When on the subject of atrocities, haute couture is not the first thing that springs to mind. A recent and quite surreal New York Times spread on Myanmar has helped us understand why.
Published in T: The New York Times Style Magazine’s May travel issue, the aptly titled ‘What Happened Here’ mulls the ethicality of travelling to the country due to the brutal campaign against the Rohingya in Rakhine state.
Shudders in Myanmar’s tourism industry suggest it’s a question many westerners are grappling with, but among the mentions of ethnic slaughter, mass gang rape and burned villages are photographs of a model touting designer clothes.
The model, Alek Wek, who fled to the UK in 1991 to escape violence in her own country of Sudan, wears eye-wateringly expensive garments, including a Giorgio Armani coat, Prada corset, Gucci gloves, and Chanel jacket.
Some pieces are past the US$5,000 mark, a fact we know because the prices and brands are given in each photograph.
Wek is seen striking various poses around Inle Lake; next to pagodas, on a pier and in a boat, but none of the 2019 pre-fall collections resonate with the British subjugation of Burma, its sorry decades under the dictator Gen Ne Win and other focuses of the text.
Social media users did not criticize Wek, who has worked with the United Nations High Commissioner for Refugees since 2012, nor did they target the photographer, writer or stylist.
Most of the ire was reserved for the editor who decided on the awkward juxtaposition. Online, where the article is titled ‘The Quandary of Myanmar: Will Starving the Country of Visitors Make Things Better?’, is an embedded slideshow of the photographs with the garment prices and links to the fashion outlets.
“What do they want out of this marketing?” activist Thinzar Shunlei Yi told Myanmar Mix.
Using stories of beleaguered people to create attention and revenue is “unethical and inhumane,” she said, adding, “I’m disappointed and demand an apology for the general public in Myanmar and the Rohingya population.”

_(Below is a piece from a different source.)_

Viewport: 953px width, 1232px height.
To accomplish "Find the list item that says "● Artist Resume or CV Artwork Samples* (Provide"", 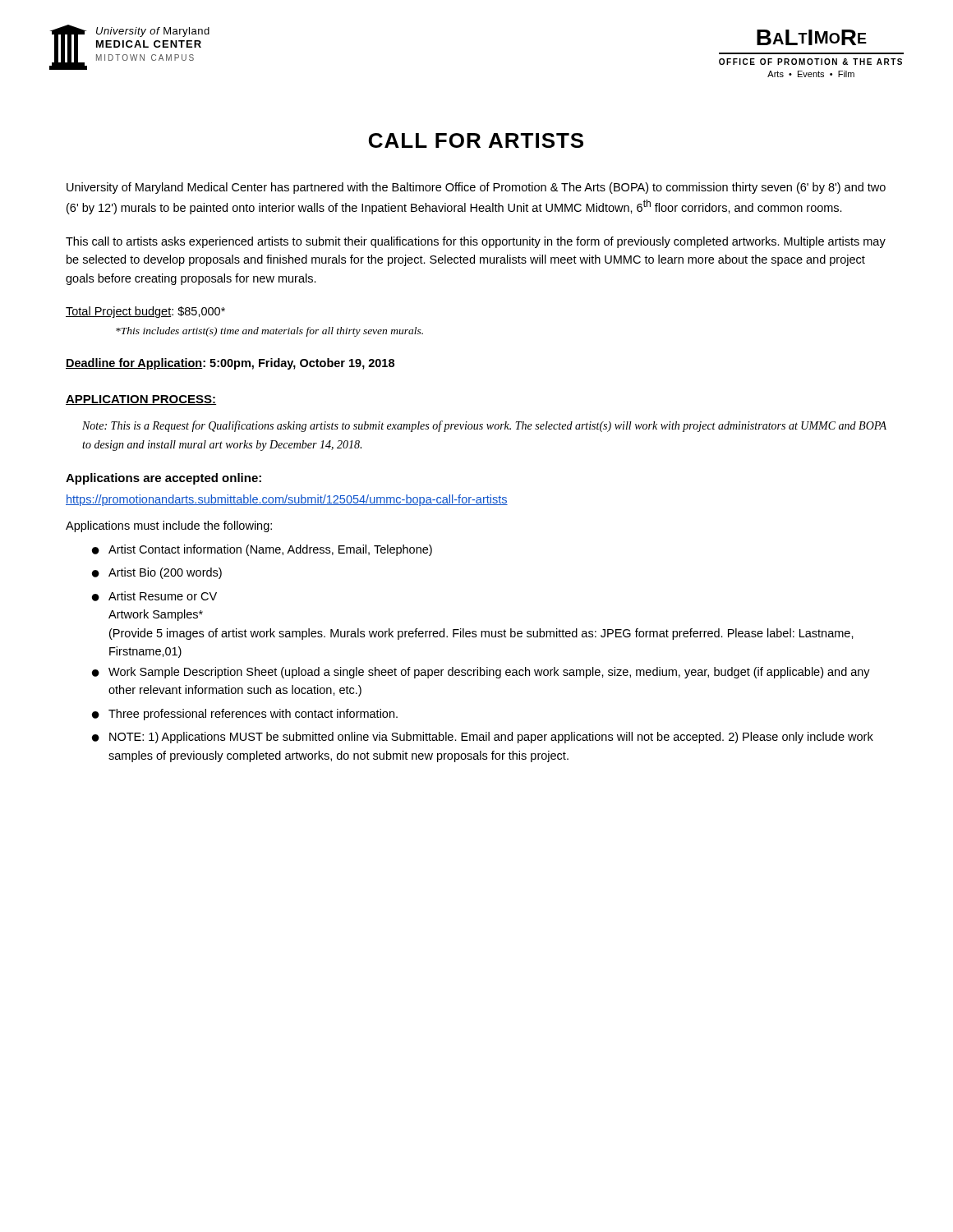I will coord(489,624).
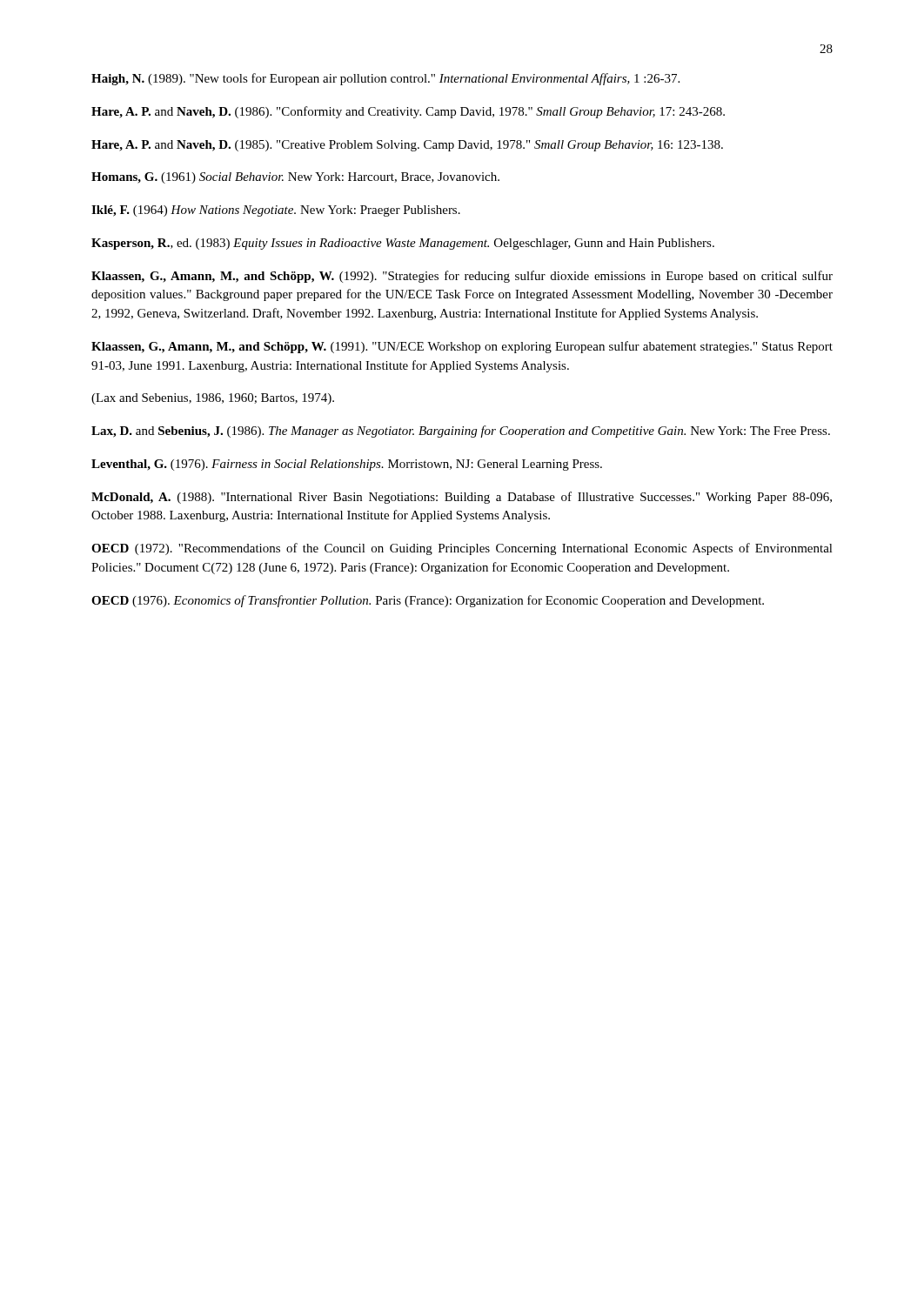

Some Facebook users also expressed their exasperation at the fashion shoot/atrocities combo.
“What the hell is the NYT thinking?!” wrote one person, who was shocked to find a “stylized shoppers’ guide” inserted in a story about genocide.
Another netizen summed up the general sentiment by posting alongside the original article: “It doesn’t get more distasteful and offensive than this.”
The New York Times was contacted for comment.